Tuesday, December 26, 2023

Adam & Alison Watch Christmas Movies: Battle of the Christmas Wine Movies!

 by Adam Thas & Alison Thas

A Christmas Vintage, A Perfect Christmas Pairing, and Holiday in the Vineyards. Who will win and be the most drunk?

Hello ladies and gentlemen and welcome to the main event!  As we have mentioned previously in this column, between all of the major media outlets they release dozens of these holiday rom-coms a year, so of course it was destined that there would be some overlap. We were going to write about Christmas at the Amish Bakery (Yes, that’s a real movie released in 2023).  However, to our surprise this season gifted us with not one, not two, but three wine-themed holiday movies! By the photos you’d think that the common theme were men with permanent stubble, but I assure you this is all about the wine. So for our final column of the season we ran the gauntlet and watched all five hours worth of them in an epic battle to determine who movie is champion of the 2023 Holiday Wine Movies!
Introducing our first contestant. Coming in at 1 hour and 27 minutes and hailing from the wine producing region of Missouri. The fiery underdog, 2023’s A Christmas Vintage.
Alison: Emily and Tony are in love. The problem? Their families own opposing wineries in the small town of Hermann, Missouri.  Emily (Maddison Bullock) convinces her sister, Samantha (Karlee Eldridge), to romance Tony’s half-brother, Parker (Ignacyo Matynia), in hopes of showing him that it is possible to be in a relationship with someone from an opposing winery. Samantha goes along with the plan since she can’t say no to her little sister. Samantha normally doesn’t spend much time in Hermann due to her job as a flight attendant. She quickly realizes that her family’s once-thriving winery is in need of some updating.  Since she is spending so much time with wine-obsessed Parker, Samantha’s long-lost love of winemaking is rekindled. Just as Samantha’s involvement with the winery grows, so does her relationship with Parker.  She realizes she has feelings for Parker but isn’t sure how to tell him that she’s been hiding her connection to the competing winery. The story culminates in a holiday wine competition where each winery submits a wine made just for Christmas. Out of the three movies, A Christmas Vintage does the best at incorporating elements of the Christmas holiday into the movie.  It uses its small-town setting to its advantage and the holiday wine competition felt organic to the plot and not like an afterthought.  That being said, A Christmas Vintage falls short of capturing the magic of a good holiday movie.  It is missing that cozy merriment that I look for in a holiday film.

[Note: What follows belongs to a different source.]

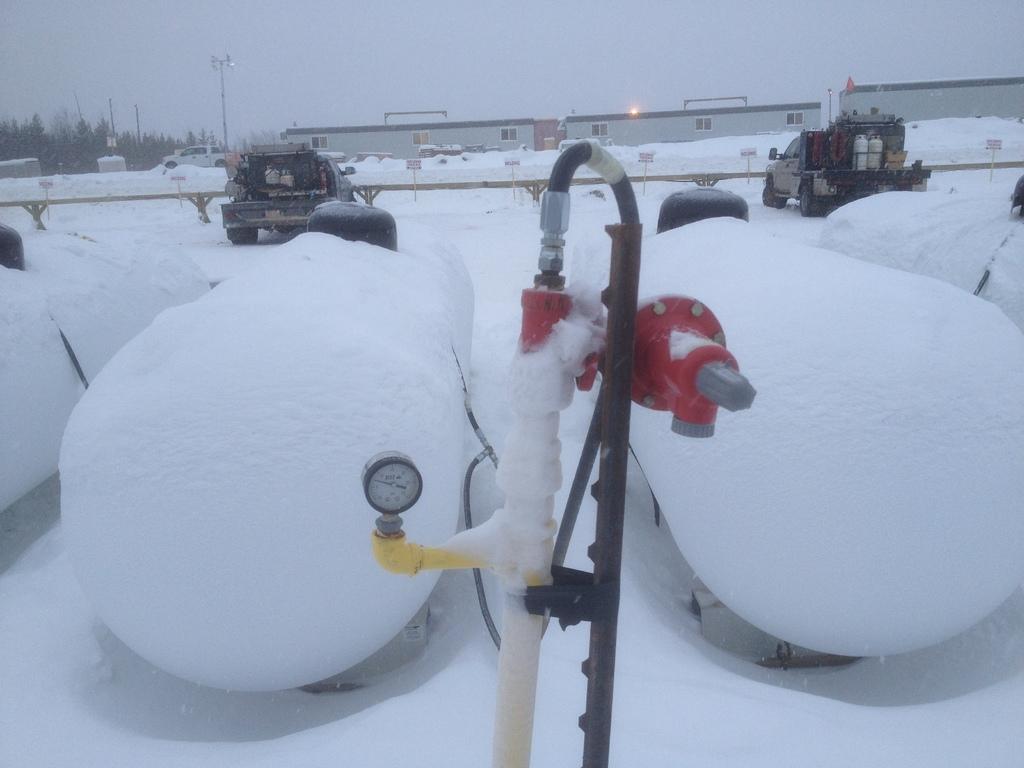Please provide a concise description of this image. In this image I can see snow, gauge, pipes, vehicles, railing, boards, poles, buildings, sunlight, trees, sky and objects. 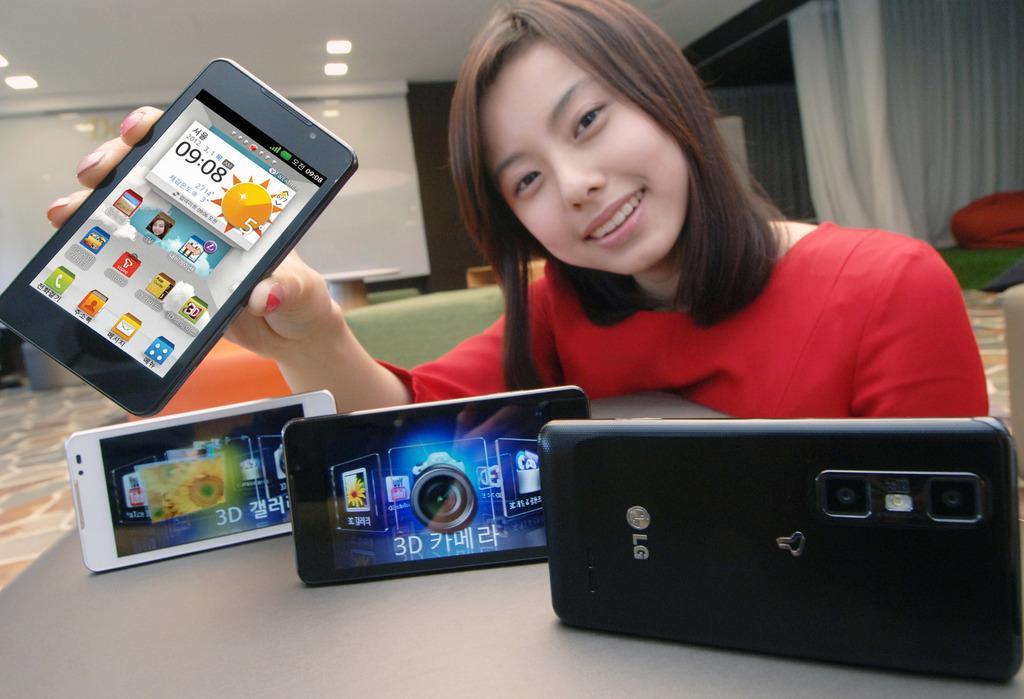In one or two sentences, can you explain what this image depicts? Top right side of the image a woman sitting on a chair. In front of her there is a table on the table there are some mobile phones and she is holding a mobile phone. Top left of the image there is a roof on the roof there are some lights. In the middle of the image there is a wall. Top right side of the image there is a curtain.

Adam: After a rough start, this one grew on me. Even though it does take place further south in Missouri, it is still the only one of the settings that could logically have snow, an aspect that they take full advantage of as this one has the most “Christmassy” feel to it. Most of these movies take place in fictional towns but bonus points to A Christmas Vintage for taking place and being shot in the town in which it takes place: Hermann, Missouri. It gives it a more authentic feel and there is a charm that comes with the extras in the movie very clearly being locals who responded to a casting call. Everyone in the movie is trying their best to make this movie work and Ignacyo Matynia as the main love interest plays a very convincing douche bag. On the flip side, I’m not sure of the budget but this one felt very cheap. With some of these holiday rom-coms, they do a nice job making the movie feel more expensive than it actually was. That’s not the case with A Christmas Vintage.  My biggest issue with this one, though, was with the way the plot was set up. This is now the second movie we’ve watched this season where the plot device asks the audience to excuse cruelty. I get that love will make you do stupid things, and that in movies you sometimes need to suspend belief in reality, but agreeing to seduce someone who genuinely develops feelings for you is cruel. To then continue the ruse after you realize what you’re doing is wrong washes away any sympathy the audience may have for a character. Overall, A Christmas Vintage has a charm to it that I can appreciate and just like a fine wine, got better with time.  
Our next contender, coming in at 1 hour and 29 minutes, hailing from the wine producing region of Georgia, also debuting in 2023, we have A Perfect Christmas Pairing.
Alison: In A Perfect Christmas Pairing, Grace Cooke (Ansley Gordon) is an aspiring chef working in Atlanta. A terrible review causes Grace to return home to her aunt and uncle’s winery. As Grace begins to reconnect with family and friends, she realizes that perhaps she is looking for more than just that Michelin star. A travel author, Asher St. James (Chris Connel), just so happens to be in town when Grace arrives and he keeps pushing back the start of his next tour to Cairo…or Machu Picchu…who exactly knows since every time he mentions it, he names a different location. We are led to believe he is delaying the tour because of his attraction and connection to Grace. I found that hard to believe, however, since there was almost no chemistry between the two. The movie floats along to the inevitable conclusion that is of no surprise to anyone. While I know Adam and I disparaged The Christmas Train earlier this season because of its overly-twisty ending, the plot to A Perfect Christmas Pairing could have either used a twist or two to spice up the story or it could have leaned in to the superficial holiday movie plot and do it really well.  Sadly, it did neither causing it to feel more like a chore to watch this movie than a joy.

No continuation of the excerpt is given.